In order to solve this problem the Reader could have a way to tell the Librarian "Hey, Librarian! I need to read the most up-to-date version of this location from the Book". The Librarian then has to go find the Writer and ask the Writer to stop what they are doing and submit the changes right now. Both the Reader and the Writer come to a screeching halt and the Librarian then does the laborious work of ensuring that the Book is consistent. (And of course we haven't even considered situations where there are multiple readers and multiple writers all partying on the same page.) Alternatively, the Writer could tell the Librarian "hey, I'm about to update this value; go find anyone who is about to read it and tell them that they need to fetch a new copy of this page when I'm done". Doesn't really matter; the point is that everyone has to somehow cooperate to make sure that a consistent view of all the edits is achieved.

This strategy gives a massive performance increases in the common scenario where multiple readers and multiple writers are each working on data that is highly contiguous -- that is, each reader and each writer does almost all of their work on the one page they have copied locally, so that they don't have to go back to the Librarian.
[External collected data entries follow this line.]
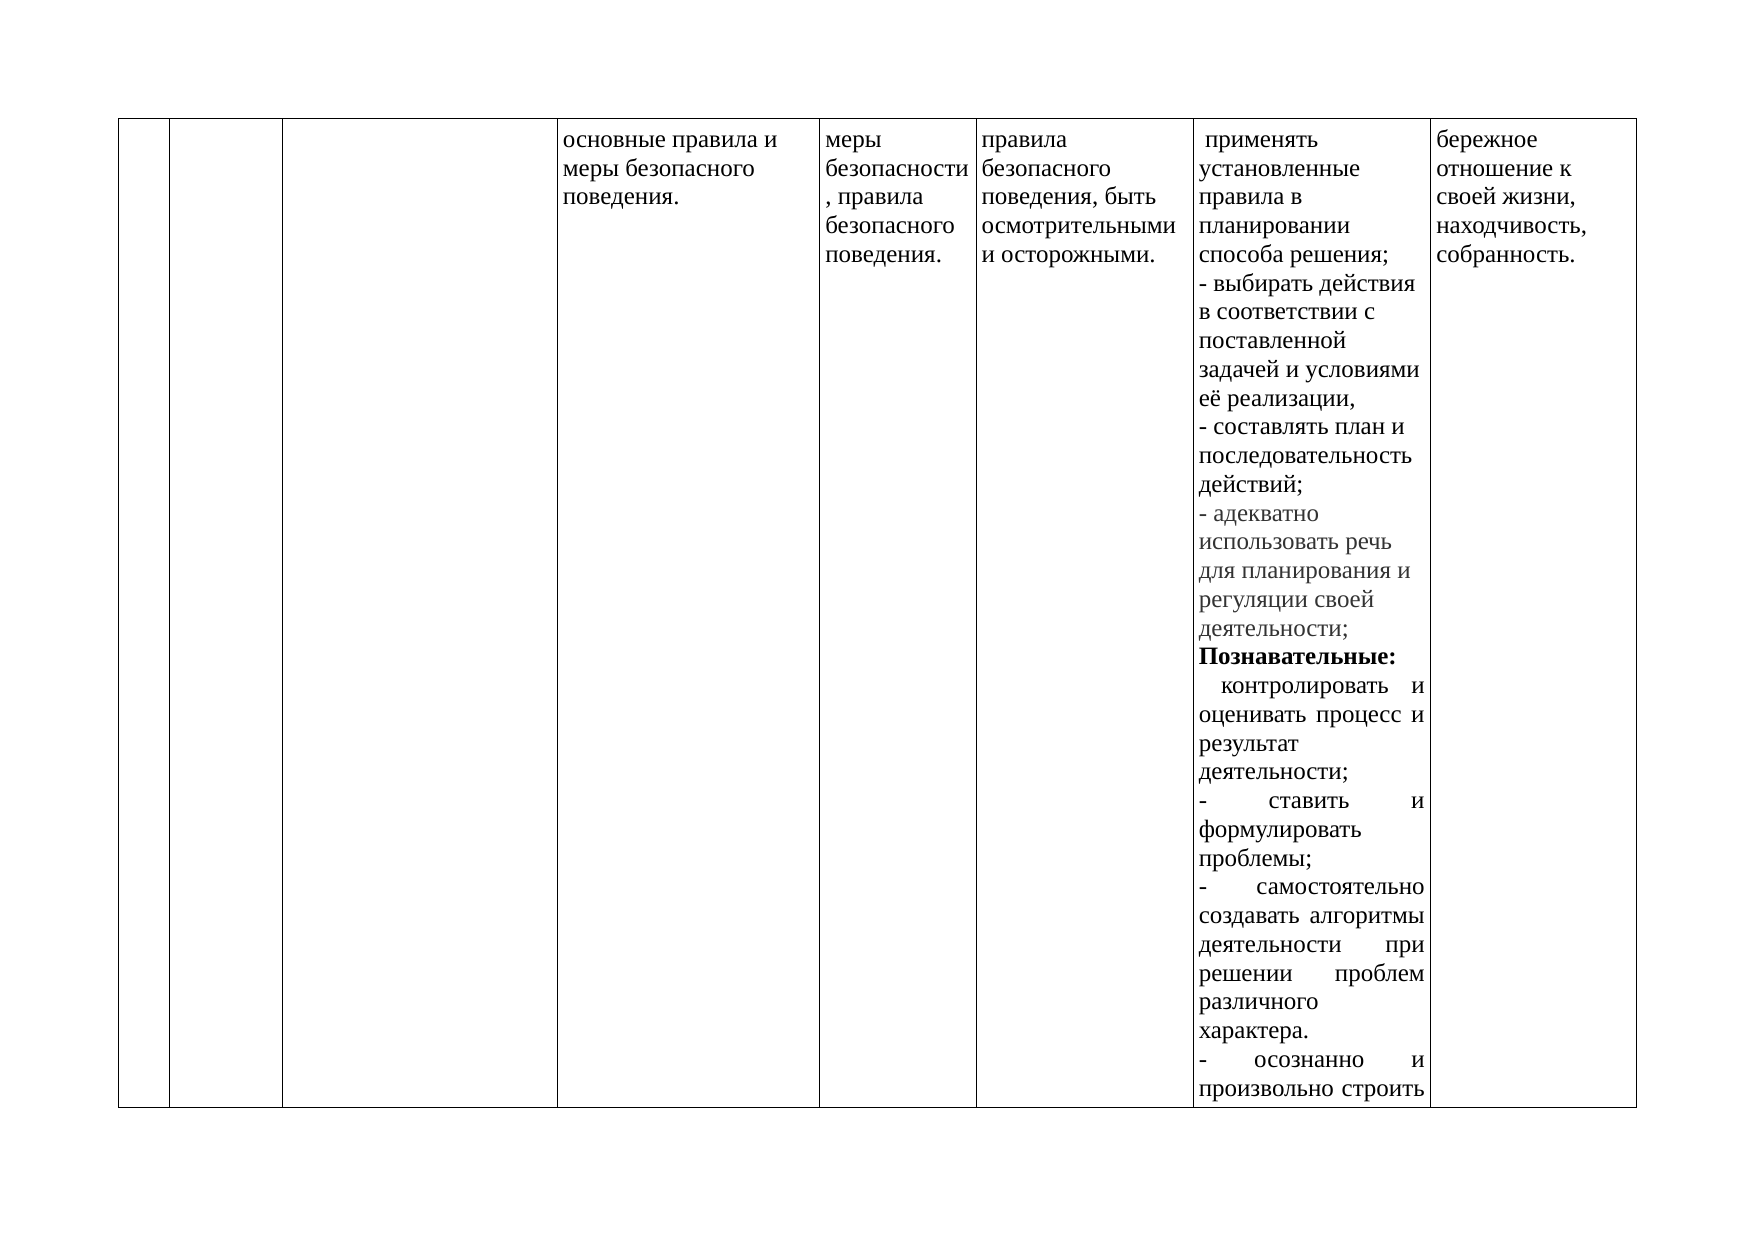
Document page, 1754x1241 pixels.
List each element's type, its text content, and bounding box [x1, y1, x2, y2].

table_cell бережное отношение к своей жизни, находчивость, собранность. [1431, 119, 1636, 1107]
table_cell правила безопасного поведения, быть осмотрительными и осторожными. [977, 119, 1193, 1107]
table_cell основные правила и меры безопасного поведения. [558, 119, 819, 1107]
table_cell [119, 119, 169, 1107]
table_cell меры безопасности, правила безопасного поведения. [820, 119, 976, 1107]
table_cell [170, 119, 282, 1107]
table_cell [283, 119, 557, 1107]
table_cell применять установленные правила в планировании способа решения; - выбирать действия в соответствии с поставленной задачей и условиями её реализации, - составлять план и последовательность действий; - адекватно использовать речь для планирования и регуляции своей деятельности; Познавательные: контролировать и оценивать процесс и результат деятельности; - ставить и формулировать проблемы; - самостоятельно создавать алгоритмы деятельности при решении проблем различного характера. - осознанно и произвольно строить [1194, 119, 1430, 1107]

It gives massive performance penalties in scenarios where readers and writers are working on the same page and cannot tolerate inconsistencies or out-of-date values; the readers and writers are constantly going back to the Librarian, stopping everybody from doing work, and spending all their time copying stuff back into and out of the Book of Memory to ensure that the local caches are consistent.

Clearly we have a problem here. If C-style volatile doesn't solve this problem, what does solve this problem? C#-style volatile, that's what.
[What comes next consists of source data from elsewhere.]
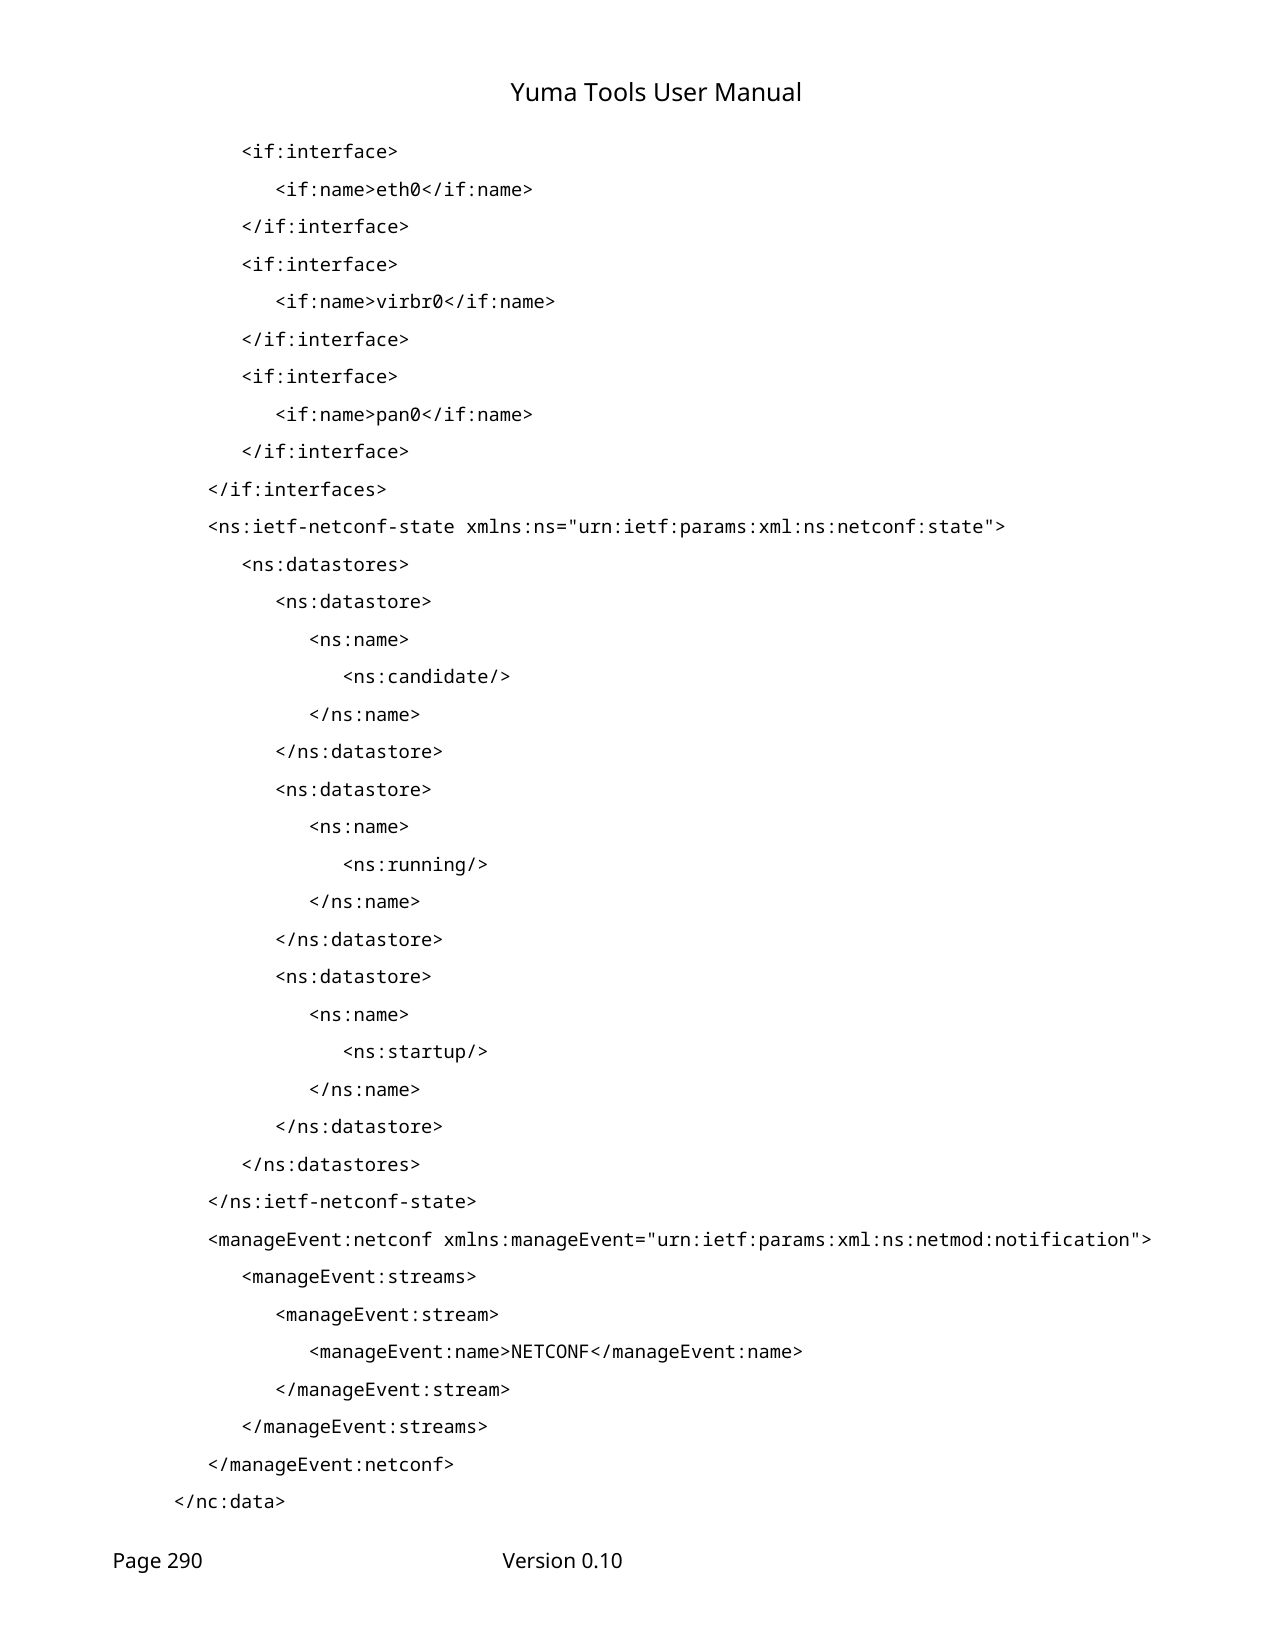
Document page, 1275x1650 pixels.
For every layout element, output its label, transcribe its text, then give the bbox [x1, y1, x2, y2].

text </if:interface> [139, 326, 1200, 352]
text <ns:datastore> [139, 588, 1200, 614]
text <if:interface> [139, 138, 1200, 164]
text </ns:name> [139, 1076, 1200, 1102]
text </ns:ietf-netconf-state> [139, 1188, 1200, 1214]
text <ns:startup/> [139, 1038, 1200, 1064]
text <ns:datastore> [139, 776, 1200, 802]
text <if:name>virbr0</if:name> [139, 288, 1200, 314]
text <ns:candidate/> [139, 663, 1200, 689]
text <ns:name> [139, 626, 1200, 652]
text </ns:datastores> [139, 1151, 1200, 1177]
text <ns:name> [139, 813, 1200, 839]
text </ns:name> [139, 701, 1200, 727]
text </manageEvent:netconf> [139, 1451, 1200, 1477]
text </manageEvent:stream> [139, 1376, 1200, 1402]
text </ns:name> [139, 888, 1200, 914]
text <manageEvent:name>NETCONF</manageEvent:name> [139, 1338, 1200, 1364]
text <ns:datastores> [139, 551, 1200, 577]
text <ns:datastore> [139, 963, 1200, 989]
text </if:interface> [139, 213, 1200, 239]
text </if:interface> [139, 438, 1200, 464]
text <if:interface> [139, 251, 1200, 277]
text </nc:data> [139, 1488, 1200, 1514]
text <manageEvent:netconf xmlns:manageEvent="urn:ietf:params:xml:ns:netmod:notification"> [139, 1226, 1200, 1252]
text <ns:running/> [139, 851, 1200, 877]
text <if:name>pan0</if:name> [139, 401, 1200, 427]
text <manageEvent:stream> [139, 1301, 1200, 1327]
text <ns:name> [139, 1001, 1200, 1027]
text </ns:datastore> [139, 1113, 1200, 1139]
text </manageEvent:streams> [139, 1413, 1200, 1439]
text <if:interface> [139, 363, 1200, 389]
text <if:name>eth0</if:name> [139, 176, 1200, 202]
text <manageEvent:streams> [139, 1263, 1200, 1289]
text </if:interfaces> [139, 476, 1200, 502]
text <ns:ietf-netconf-state xmlns:ns="urn:ietf:params:xml:ns:netconf:state"> [139, 513, 1200, 539]
text </ns:datastore> [139, 926, 1200, 952]
text </ns:datastore> [139, 738, 1200, 764]

Sorta. Kinda. In a pretty bogus way, actually.

In C#, "volatile" means not only "make sure that the compiler and the jitter do not perform any code reordering or register caching optimizations on this variable". It also means "tell the processors to do whatever it is they need to do to ensure that I am reading the latest value, even if that means halting other processors and making them synchronize main memory with their caches".
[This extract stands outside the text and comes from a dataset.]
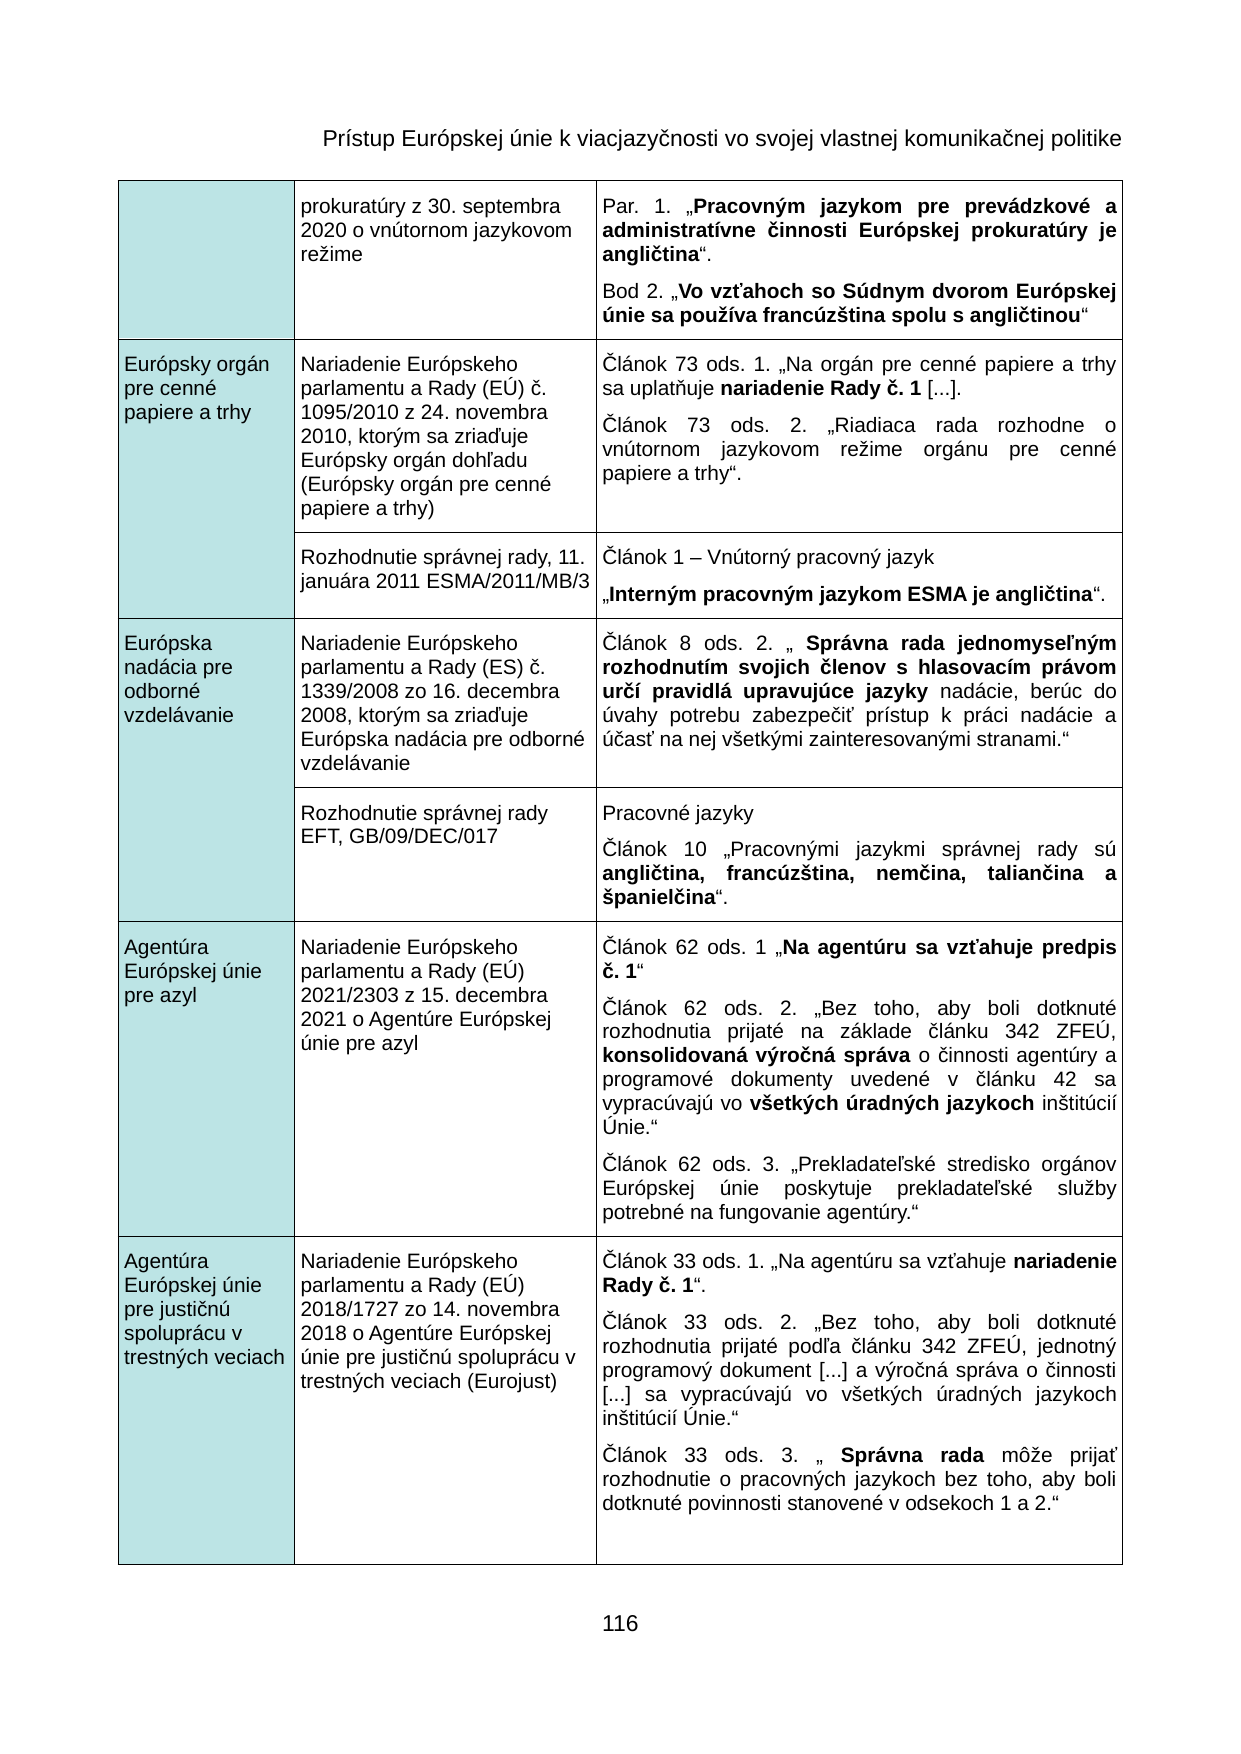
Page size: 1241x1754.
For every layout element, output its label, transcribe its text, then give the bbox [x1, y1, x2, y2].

Actually, that last bit is a lie. The true semantics of volatile reads and writes are considerably more complex than I've outlined here; in fact they do not actually guarantee that every processor stops what it is doing and updates caches to/from main memory. Rather, they provide weaker guarantees about how memory accesses before and after reads and writes may be observed to be ordered with respect to each other. Certain operations such as creating a new thread, entering a lock, or using one of the Interlocked family of methods introduce stronger guarantees about observation of ordering. If you want more details, read sections 3.10 and 10.5.3 of the C# 4.0 specification.

Frankly, I discourage you from ever making a volatile field. Volatile fields are a sign that you are doing something downright crazy: you're attempting to read and write the same value on two different threads without putting a lock in place. Locks guarantee that memory read or modified inside the lock is observed to be consistent, locks guarantee that only one thread accesses a given hunk of memory at a time, and so on. The number of situations in which a lock is too slow is very small, and the probability that you are going to get the code wrong because you don't understand the exact memory model is very large. I don't attempt to write any low-lock code except for the most trivial usages of Interlocked operations. I leave the usage of "volatile" to real experts.

For more information on this incredibly complex topic, see:

Why C-style volatile is almost useless for multi-threaded programming

Joe Duffy on why attempting to 'fix' volatile in C# is a waste of time

Vance Morrison on incoherent caches and other aspects of modern memory models

-----

(*) Of course we already know one reason: volatile operations are not guaranteed to be atomic, and thread safety requires atomicity. But there is a deeper reason why C-style volatility does not create thread safety.